** What you have to do **
What is the number of lines in the entries that include the word "evenodd"? Respond with the number only.

** Records to process **

>>>>

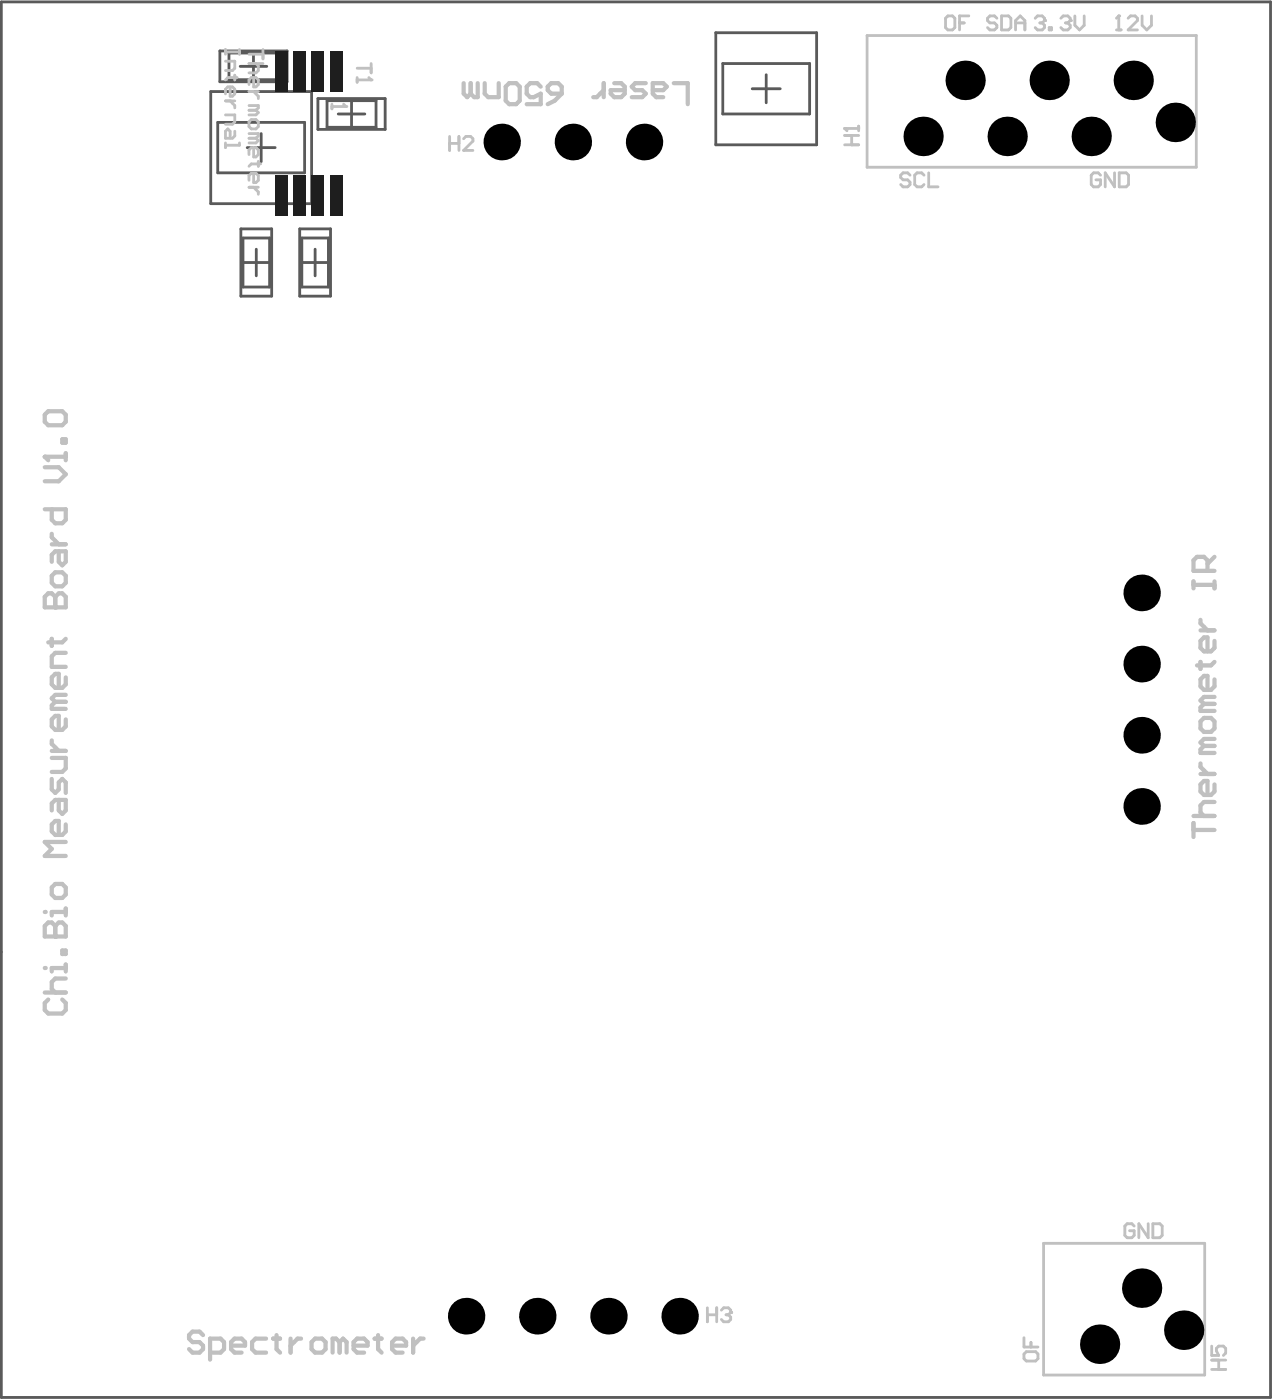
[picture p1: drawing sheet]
<svg xmlns="http://www.w3.org/2000/svg" width="151mm" height="167mm" viewBox="0 0 151 167" stroke-linecap="round" stroke-linejoin="round" font-family="sans-serif">
<g fill="none" stroke="#5a5a5a" stroke-width=".33">
<path d="M.2 .2h150.8v166h-150.8zM25.1 10.9h11.9v13.3h-11.9zM25.9 14.6h10.3v6h-10.3zM26.1 6.1h8v3.6h-8zM27.2 6.3h5.8v3.2h-5.8zM28.6 7.9h3.1M29.4 17.6h3.3M30.1 6.3v3.2M31.1 15.9v3.3M37.8 11.7h8v3.7h-8zM38.9 12h5.8v3.1h-5.8zM40.2 13.6h3.2"/>
<path d="M41.8 12v3.1M85.1 3.9h12v13.3h-12zM85.9 7.6h10.4v6h-10.4zM89.4 10.6h3.4M91.1 8.9v3.3M28.6 27.2h3.7v8h-3.7zM28.9 31.2h3.2M28.9 28.3h3.2v5.8h-3.2zM30.5 29.6v3.2M35.6 27.2h3.7v8h-3.7zM35.9 31.2h3.1M35.9 28.3h3.1v5.8h-3.1z"/>
<path d="M37.5 29.6v3.2"/>
</g>
<path d="M103.1 4.2h39.1v15.7h-39.1zM84.1 155.5v1.7M84.1 156.4h1.1M85.2 155.5v1.7M85.8 155.8l.2-.3h.6l.3 .3v.3M124.1 147.9h19.1v15.6h-19.1z" fill="none" stroke="#c0c0c0" stroke-width=".33"/>
<circle cx="86.9" cy="156.1" r=".17" fill="#c0c0c0"/>
<path d="M42.5 8.1h1.6M42.5 9.2v.6M42.5 9.5h1.6M44.1 7.6v1.1M86.3 156.4h.3M86.6 156.4l.3 .3v.2l-.3 .3h-.6l-.2-.3M86.9 156.1l-.3 .3M144.1 162.9h1.6M144.1 161.8h1.6M144.1 160.1v1.1h.8l-.3-.5v-.3l.3-.3h.5l.3 .3v.5l-.3 .3M144.9 161.8v1.1" fill="none" stroke="#c0c0c0" stroke-width=".33"/>
<circle cx="44.1" cy="9.5" r=".17" fill="#c0c0c0"/>
<path d="M39.5 12.4v.5M39.5 12.7h1.6M43.8 9.2l.3 .3M53.5 16.2v1.7M53.5 17.1h1.1M54.6 16.2v1.7M55.1 16.5l.3-.3h.5l.3 .3v.3l-1.1 1.1h1.1M130.8 20.8l-.2-.2h-.6l-.3 .2v1.1l.3 .3h.6l.2-.3v-.5h-.5M132.5 20.6v1.6l-1.1-1.6v1.6M133.1 20.6h.8l.3 .2v1.1l-.3 .3h-.8z" fill="none" stroke="#c0c0c0" stroke-width=".33"/>
<circle cx="41.1" cy="12.7" r=".17" fill="#c0c0c0"/>
<g fill="none" stroke="#c0c0c0" stroke-width=".33">
<path d="M40.8 12.4l.3 .3M100.4 17.2h1.7M100.4 16.1h1.7M100.4 15.3h1.7M101.3 16.1v1.1M102.1 15v.6M108.2 20.8l-.3-.2h-.5l-.3 .2v.3l.3 .3h.5l.3 .3v.2l-.3 .3h-.5l-.3-.3M109.9 20.8l-.3-.2h-.6l-.3 .2v1.1l.3 .3h.6l.3-.3M110.4 20.6v1.6h1.1M121.7 159.1v1.1h1.7M122.6 159.7v.5M134.8 145.8l-.2-.3h-.6l-.3 .3v1.1l.3 .3h.6l.2-.3v-.5h-.5"/>
<path d="M136.5 145.5v1.7l-1.1-1.7v1.7M137.1 145.5h.8l.3 .3v1.1l-.3 .3h-.8zM122 160.8h1.1l.3 .2v.6l-.3 .3h-1.1l-.3-.3v-.6z"/>
</g>
<circle cx="100.4" cy="15.3" r=".17" fill="#c0c0c0"/>
<path d="M100.4 15.3l.3 .3M112.7 1.9h.5l.3 .3v1.1l-.3 .3h-.5l-.3-.3v-1.1zM114.1 2.7h.5M115.2 1.9h-1.1v1.7M123.1 2.2l.2-.3h.6l.3 .3v.2" fill="none" stroke="#c0c0c0" stroke-width=".33"/>
<circle cx="124.2" cy="2.4" r=".17" fill="#c0c0c0"/>
<path d="M123.6 2.7h.3M123.9 2.7l.3 .3v.3l-.3 .3h-.6l-.2-.3M124.2 2.4l-.3 .3M124.7 3.3h.3v.3h-.3zM126.1 2.2l.3-.3h.6l.2 .3v.2" fill="none" stroke="#c0c0c0" stroke-width=".33"/>
<circle cx="127.2" cy="2.4" r=".17" fill="#c0c0c0"/>
<path d="M126.7 2.7h.3M127 2.7l.2 .3v.3l-.2 .3h-.6l-.3-.3M127.2 2.4l-.2 .3M127.8 1.9v1.1l.5 .6 .6-.6v-1.1M132.7 3.6h.6M133 1.9v1.7" fill="none" stroke="#c0c0c0" stroke-width=".33"/>
<circle cx="133" cy="1.9" r=".17" fill="#c0c0c0"/>
<path d="M133 1.9l-.3 .3M134.1 2.2l.3-.3h.5l.3 .3v.2l-1.1 1.2h1.1M135.8 1.9v1.1l.5 .6 .6-.6v-1.1" fill="none" stroke="#c0c0c0" stroke-width=".33"/>
<path d="M5.3 118h2.5M5.7 118.9l-.4 .4v.8l.4 .4h1.7l.4-.4v-.8l-.4-.4M7.8 114.7v.8M7.8 116.4h-1.2l-.4 .4v.8l.4 .4M7.8 115.1h-1.6v.4" fill="none" stroke="#c0c0c0" stroke-width=".5"/>
<circle cx="5.3" cy="115.1" r=".25" fill="#c0c0c0"/>
<path d="M5.3 111.4h2.5v-1.3l-.4-.4h-.4l-.4 .4v1.3M7.4 113h.4v.5h-.4z" fill="none" stroke="#c0c0c0" stroke-width=".5"/>
<circle cx="6.6" cy="111.4" r=".25" fill="#c0c0c0"/>
<path d="M5.3 111.4v-1.3l.4-.4h.5l.4 .4v1.3M7.8 108.1v.8M7.8 108.5h-1.6v.4" fill="none" stroke="#c0c0c0" stroke-width=".5"/>
<circle cx="5.3" cy="108.5" r=".25" fill="#c0c0c0"/>
<g fill="none" stroke="#c0c0c0" stroke-width=".5">
<path d="M5.3 72.2h2.5v-1.2l-.4-.4h-.4l-.4 .4v1.2M6.2 76v.8M7.8 77.6h-1.2l-.4 .5v1.2h1.6M7.8 76l-.4 .4h-1.7M6.2 90.1h1.6v1.3l-.4 .4h-1.2M6.2 92.6v1.3l.4 .4 .4-.4v-.8l.4-.5 .4 .5v1.2M6.2 88.1v.4l.8 .8M6.2 89.3h1.6M6.6 83.5l-.4 .4v.4h1.6M6.6 83.5h1.2M7 95.1v1.3l.4 .4 .4-.4v-1.3h-1.2l-.4 .5v.8M7.8 80.6v.8l-.4 .4h-.8l-.4-.4v-.8l.4-.5h.4v1.7"/>
<path d="M7.8 85.6v.8l-.4 .4h-.8l-.4-.4v-.8l.4-.5h.4v1.7M7.8 98.1v.8l-.4 .4h-.8l-.4-.4v-.8l.4-.5h.4v1.7M7.8 82.6h-1.2l-.4 .5 .4 .4M6.6 105.1h.8l.4 .5v.8l-.4 .4h-.8l-.4-.4v-.8zM7.8 100.1h-2.5l.9 .9-.9 .8h2.5"/>
</g>
<circle cx="6.6" cy="72.2" r=".25" fill="#c0c0c0"/>
<path d="M5.3 55.6h1.7l.8 .8-.8 .8h-1.7M5.3 54.3h2.5M7.8 53.9v.8M5.3 72.2v-1.2l.4-.4h.5l.4 .4v1.2M5.3 60.6h2.5v1.2l-.4 .4h-.8l-.4-.4v-1.2M6.2 68.5l.4-.4h.8l.4 .4v.8l-.4 .4h-.8l-.4-.4zM6.2 63.5v.4l.8 .8M6.2 64.7h1.6M7 65.6v1.2l.4 .4 .4-.4v-1.2h-1.2l-.4 .4v.8" fill="none" stroke="#c0c0c0" stroke-width=".5"/>
<circle cx="5.3" cy="54.3" r=".25" fill="#c0c0c0"/>
<g fill="none" stroke="#c0c0c0" stroke-width=".5">
<path d="M55.1 9.9v1.2l.4 .5 .5-.5M56 9.9v1.2M56.8 9.9v1.7h-.4l-.4-.5M57.6 9.9v1.2l.4 .5h1.3v-1.7M60.5 9.9h.9l.4 .4v1.7l-.4 .4h-.9l-.4-.4v-1.7zM64.3 10.3l-.4-.4h-.9l-.4 .4v.8l.4 .5h.5l.8-.5v1.3h-1.7M65.5 9.9h.9l.4 .4v.8h-1.3l-.4-.4v-.4zM66.8 11.1l-.9 .9-.8 .4M71.8 10.7l-.9 .9h-.4M71.8 9.9v1.7M73 9.9h.9l.4 .4v.8l-.4 .5h-.9l-.4-.5v-.4h1.7M76.8 9.9h-1.3l-.4 .4 .4 .4h.9l.4 .4-.4 .5h-1.3"/>
<path d="M77.6 10.7h1.3l.4-.4-.4-.4h-1.3v1.2l.4 .5h.9M80.1 9.9h1.7v2.5M5.3 54.3l.4 .4M5.7 48.9h1.7l.4 .4v.9l-.4 .4h-1.7l-.4-.4v-.9zM7.4 52.2h.4v.5h-.4zM141.9 69.1v.9M141.9 69.6h2.5M142.7 73.7v.4l.9 .9M142.7 78.7v.9M142.7 75h1.7M143.6 67.9v-1.3l-.5-.4h-.8l-.4 .4v1.3h2.5M144.4 76.2v.9l-.4 .4h-.9l-.4-.4v-.9l.4-.4h.5v1.7"/>
<path d="M144.4 69.1v.9M144.4 78.7l-.4 .4h-1.7M144.4 66.2l-.8 .9M141.9 97.9v1.6M141.9 98.7h2.5M141.9 97h2.5M142.7 90.8v.4l.9 .9M142.7 92.1h1.7M143.1 83.7l-.4 .4v.5h1.7M143.1 85.4h.9l.4 .4v.8l-.4 .5h-.9l-.4-.5v-.8zM143.1 88.7l-.4 .4v.5h1.7M143.1 88.7h1.3"/>
<path d="M143.1 83.7h1.3M144.4 95.4h-1.3l-.4 .4v.8l.4 .4M144.4 80.8v.8l-.4 .5h-.9l-.4-.5v-.8l.4-.4h.5v1.7M144.4 93.3v.8l-.4 .5h-.9l-.4-.5v-.8l.4-.4h.5v1.7M144.4 87.9h-1.3l-.4 .4 .4 .4M144.4 82.9h-1.3l-.4 .4 .4 .4M24.1 158.8l-.4-.4h-.8l-.4 .4v.4l.4 .4h.8l.4 .4v.5l-.4 .4h-.8l-.4-.4M31.6 159.2h-1.2l-.4 .4v.9l.4 .4h1.2M32.5 159.2h.8M32.9 158.8v1.7l.4 .4M34.5 159.2v1.7M35.8 159.2h-.4l-.9 .8"/>
<path d="M37.5 159.2h.8l.4 .4v.9l-.4 .4h-.8l-.5-.4v-.9zM40.4 159.6l-.4-.4h-.5v1.7M40.4 159.6v1.3M40.4 159.6l.4-.4 .4 .4v1.3M44.5 159.2h.9M45 158.8v1.7l.4 .4M49.1 159.2v1.7M50.4 159.2h-.5l-.8 .8M25 160.9h1.2l.4-.4v-.9l-.4-.4h-1.2v2.5M27.5 160h1.6v-.4l-.4-.4h-.8l-.4 .4v.9l.4 .4h.8M42 160h1.7v-.4l-.4-.4h-.8l-.5 .4v.9l.5 .4h.8M46.6 160h1.7v-.4l-.4-.4h-.9l-.4 .4v.9l.4 .4h.9"/>
</g>
<g fill="none" stroke="#c0c0c0" stroke-width=".33">
<path d="M26.8 13.7h1.1v.8l-.3 .3h-.8M26.8 6.2h1.7M26.8 5.9v.5M26.8 17v.6M26.8 7.3h1.1v.8l-.3 .3h-.8M26.8 12h1.1M27.4 10.3v1.1h.2l.3-.2v-.6l-.3-.3h-.5l-.3 .3v.6M27.4 12l.5 .6v.2M27.9 15.6v.6l-.3 .2h-.8v-.8l.3-.3 .3 .3v.8M27.9 8.9v.6M28.2 9.2h-1.1l-.3 .3M28.5 5.9v.5"/>
<path d="M28.5 17v.3h-1.7M29.6 6.4h1.7M29.6 7.6h1.7M29.6 12.6h1.1v.2l-.3 .3M29.6 15.9h1.1v.3l-.3 .2M29.6 10.9h1.1M29.6 13.1h.8M29.6 16.4h.8M29.9 14.2h.5l.3 .3v.6l-.3 .2h-.5l-.3-.2v-.6zM30.2 9.2v1.1h.2l.3-.2v-.6l-.3-.3h-.5l-.3 .3v.6M30.2 10.9l.5 .5v.3M30.2 17.6v1.1h.2l.3-.3v-.6l-.3-.2h-.5l-.3 .2v.6"/>
<path d="M30.4 7.6l.3 .2v.6l-.3 .3h-.8M30.4 13.1l.3 .3-.3 .3h-.8M30.4 16.4l.3 .3-.3 .3h-.8M30.7 19.2v.6M31 19.5h-1.1l-.3 .3M31.3 5.9v1.1M118.5 2.2l-.3-.3h-.5l-.3 .3v.2l.3 .3h.5l.3 .3v.3l-.3 .3h-.5l-.3-.3M119.1 1.9h.8l.3 .3v1.1l-.3 .3h-.8zM120.7 2.7h1.1M120.7 3.6v-1.2l.6-.5 .5 .5v1.2M29.6 22.3h1.1M30.2 20.6v1.1h.2l.3-.3v-.5l-.3-.3h-.5l-.3 .3v.5"/>
<path d="M30.2 22.3l.5 .5v.3"/>
</g>
<g fill="#000">
<circle cx="59.6" cy="16.9" r="2.17"/>
<circle cx="68.1" cy="16.9" r="2.17"/>
<circle cx="76.6" cy="16.9" r="2.17"/>
<circle cx="109.7" cy="16.2" r="2.34"/>
<circle cx="114.7" cy="9.6" r="2.34"/>
<circle cx="119.7" cy="16.2" r="2.34"/>
<circle cx="124.7" cy="9.6" r="2.34"/>
<circle cx="129.7" cy="16.2" r="2.34"/>
<circle cx="134.7" cy="9.6" r="2.34"/>
<circle cx="139.7" cy="14.6" r="2.34"/>
<circle cx="135.7" cy="79" r="2.17"/>
<circle cx="135.7" cy="70.5" r="2.17"/>
<circle cx="135.7" cy="95.9" r="2.17"/>
<circle cx="135.7" cy="87.5" r="2.17"/>
<circle cx="55.4" cy="156.5" r="2.17"/>
<circle cx="63.9" cy="156.5" r="2.17"/>
<circle cx="72.3" cy="156.5" r="2.17"/>
<circle cx="80.8" cy="156.5" r="2.17"/>
<circle cx="130.7" cy="159.9" r="2.34"/>
<circle cx="135.7" cy="153.2" r="2.34"/>
<circle cx="140.7" cy="158.2" r="2.34"/>
</g>
<g fill="#1e1e1e">
<path d="M37 20.8h1.5v4.8h-1.5z" fill-rule="evenodd"/>
<path d="M34.9 20.8h1.5v4.8h-1.5z" fill-rule="evenodd"/>
<path d="M34.9 6.1h1.5v4.9h-1.5z" fill-rule="evenodd"/>
<path d="M37 6.1h1.5v4.9h-1.5z" fill-rule="evenodd"/>
<path d="M32.7 20.8h1.5v4.8h-1.5z" fill-rule="evenodd"/>
<path d="M32.7 6.1h1.5v4.9h-1.5z" fill-rule="evenodd"/>
<path d="M39.2 20.8h1.5v4.8h-1.5z" fill-rule="evenodd"/>
<path d="M39.2 6.1h1.5v4.9h-1.5z" fill-rule="evenodd"/>
</g>
</svg>

<<<<

** Answer for this exercise **
8